TIME MACHINE
Time Machine is an hommage to the classic diorama, being a spatial image. It also fulfills childhood dreams: to travel through time and enter the worlds of painted images.
The Museum of Prehistory and Early History dedicated this permanent exhibit to children and teenagers. Its idea originates in a children´s book about a street over centuries. By today’s research, Silvia Nettekoven, artist and archaeological illustrator, developed fictional but believable everyday scenes of prehistoric times. The resulting five panoramic images depicted people living thousands of years apart from each other, but all in the same spot of land.
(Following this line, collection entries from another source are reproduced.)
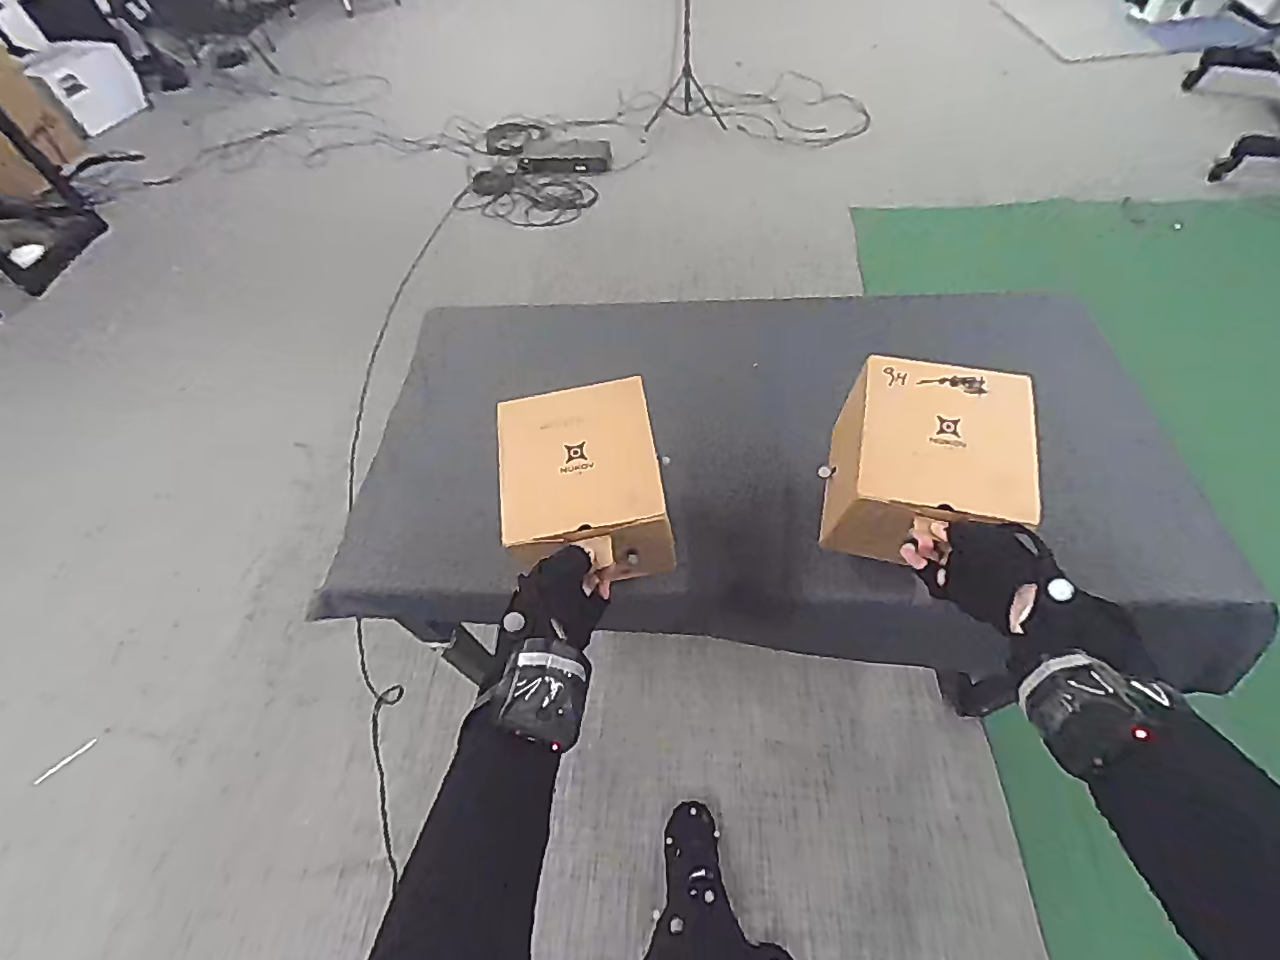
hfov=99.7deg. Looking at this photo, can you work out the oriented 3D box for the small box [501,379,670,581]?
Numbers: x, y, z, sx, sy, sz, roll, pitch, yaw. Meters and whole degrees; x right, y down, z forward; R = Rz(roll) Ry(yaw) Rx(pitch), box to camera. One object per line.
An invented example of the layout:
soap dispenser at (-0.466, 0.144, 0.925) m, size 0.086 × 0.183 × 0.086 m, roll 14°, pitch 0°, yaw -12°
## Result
small box at (-0.059, 0.011, 0.647) m, size 0.168 × 0.176 × 0.179 m, roll -10°, pitch 61°, yaw 0°

To guarantee children´s attention, hundreds of isolated drawing segments were assembled into coherent 3D scenes and rendered in fluent camera movements synced to the narrator´s voice. On a wide panoramic screen, the seemingly flat imagery opens up to let the audience dive into an unseen depth to discover what hides around corners, inside huts or behind fences. Back at the original viewpoint, the clouds start to move. With increasing speed, a time travel across thousands of years begins: glaciers flow, vegetation changes and forests move. A timeline provides orientation and illustrates the gigantic periods of prehistoric time. On a separate screen in front of the installation, a graphic interface indicates the currently playing chapter / era or time travel. Several pieces of the museum’s exhibition are woven into the story so that the context of the movie and the exhibition can spark a vivid imagination of these times long past.
In 2016, a study on digital strategies in museums (pdf) within the framework of the European research project RICHES conducted a visitor survey and greatly valued the installation. Visitors quote: “I mostly liked the fact that you could ‘enter’ the story, as if you were living yourself this moment with these people”.